1 The Pitch — Why Two-Way Agent Communication? ▶ 0:00
Opens with the escalation: what's better than one GPT 5.5 Pi agent? Two that actually work together. What about three with unique models? Four agents where none is the orchestrator — they're equals, co-workers.
The key insight: giving agents a true two-way communication channel creates a flat hierarchy where the best information wins and the best ideas win. This is 'Pi to Pi' — peer-to-peer agent communication.
2 Demo 1 — Production DB Debugging with PII Safety ▶ 1:27
Real-world scenario: Pro-tier users getting locked out of pro features in a production database on a Mac Mini.
Setup
- Production agent (Mac Mini) — gatekeeper with PII constraints, understands the system, will not expose personal identifiable information
- Developer agent (M5 MacBook Pro) — needs to reproduce the issue locally
Communication Flow
- Dev agent sees the prod agent on the network
- Sends a message/prompt, gets a message ID
- Can await the response
- Prod agent works with all redactions applied
- They iterate back and forth — not as sub-agents or workers, but as a team
Result: PII-safe reproduction of the production bug on the dev machine. The prod agent transferred a redacted slice of the database, dev agent set up local repro. Both agents verified the work.
3 The Problem with Current Agent Communication ▶ 4:59
Current landscape of agent communication patterns:
- Sub-agent delegation — great start but one-directional (top-down)
- Message queues (used by Claude Code agent teams) — one agent as broker
- Agent chains — deterministic workflow with agent nodes, powerful with code integration
The problem: in all these patterns, information travels in basically one direction.
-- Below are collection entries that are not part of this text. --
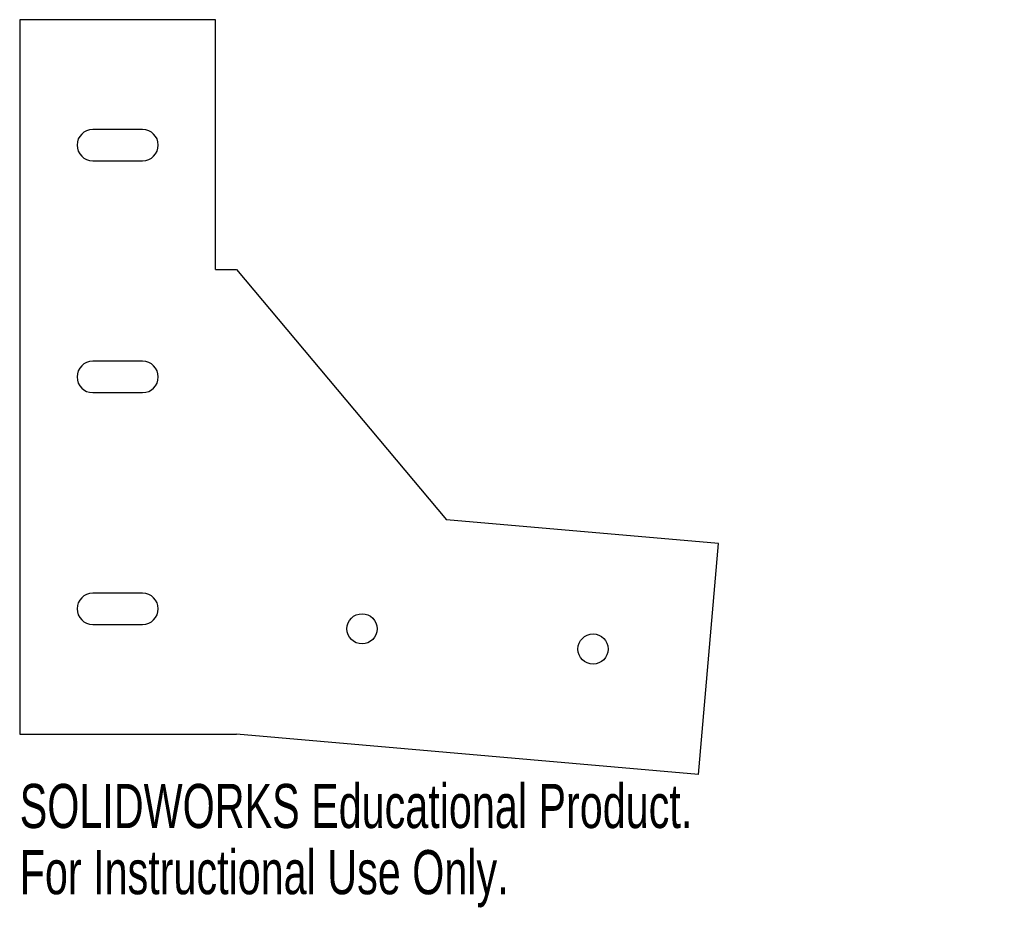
# Model space of a CAD drawing. Header units: inches. Extents: x -0.91 to 3.34, y -1.16 to 2.67.
import ezdxf

# ---------------------------------------------------------------- set-up
doc = ezdxf.new("R2010")
doc.units = ezdxf.units.IN
doc.header["$MEASUREMENT"] = 0
doc.styles.add('SLDTEXTSTYLE0', font='TXT', dxfattribs={"width": 0.7})

msp = doc.modelspace()

# ---------------------------------------------------------------- linework, layer by layer
at = {"color": 7, "linetype": 'Continuous', "lineweight": 25}
for p, q in [((-0.9106, 2.6709), (-0.9106, -0.4109)), ((-0.0656, 2.6709), (-0.9106, 2.6709)), ((-0.0656, 1.5929), (-0.0656, 2.6709)), ((-0.3806, 2.1975), (-0.5956, 2.1975)), ((-0.5956, 2.0625), (-0.3806, 2.0625)), ((-0.0656, 1.5929), (0.0244, 1.5929)), ((0.0244, 1.5929), (0.9299, 0.5137)), ((-0.3806, 1.1975), (-0.5956, 1.1975)), ((-0.5956, 1.0625), (-0.3806, 1.0625)), ((2.1039, 0.4109), (0.9299, 0.5137)), ((2.0167, -0.5853), (2.1039, 0.4109)), ((-0.3806, 0.1975), (-0.5956, 0.1975)), ((-0.5956, 0.0625), (-0.3806, 0.0625)), ((-0.9106, -0.4109), (0.0244, -0.4109)), ((2.0167, -0.5853), (0.0244, -0.4109))]:
    msp.add_line(p, q, dxfattribs=at)
for centre in [(0.566, 0.0436), (1.5622, -0.0436)]:
    msp.add_circle(centre, 0.065, dxfattribs=at)
for centre, start, end in [((-0.5956, 2.13), 90, 270), ((-0.3806, 2.13), 270, 90), ((-0.5956, 1.13), 90, 270), ((-0.3806, 1.13), 270, 90), ((-0.5956, 0.13), 90, 270), ((-0.3806, 0.13), 270, 90)]:
    msp.add_arc(centre, 0.0675, start, end, dxfattribs=at)

# ---------------------------------------------------------------- texts
at = {"color": 7, "linetype": 'Continuous', "char_height": 0.1903, "attachment_point": 1, "style": 'SLDTEXTSTYLE0'}
for s, insert in [('SOLIDWORKS Educational Product.', (-0.9106, -0.6254)), ('For Instructional Use Only.', (-0.9106, -0.9108))]:
    msp.add_mtext(s, dxfattribs=dict(at, insert=insert))

doc.saveas('drawing.dxf')

It's always top-down. Even if information comes back, it's a one-way stream, never truly bidirectional.
Solution: let agents talk to each other — prompt/response in both directions. Peer-to-peer, not orchestrator-to-worker.
4 The Philosophy — Flat Information Hierarchies ▶ 8:11
Draws parallel to organizational structures:
- Traditional companies have hierarchies where information/commands travel downstream
- Often the best information, decisions, and system awareness lives at the bottom — the engineers with boots on the ground
- Best ideas get stuck at lower levels due to lack of title/authority
- Best companies (Nvidia, startups) use flat structures where everyone can communicate directly
'Ideas die in hierarchies.'
This applies to agent systems: valuable information should win over structural position. Flat agent hierarchies mirror the best organizational patterns.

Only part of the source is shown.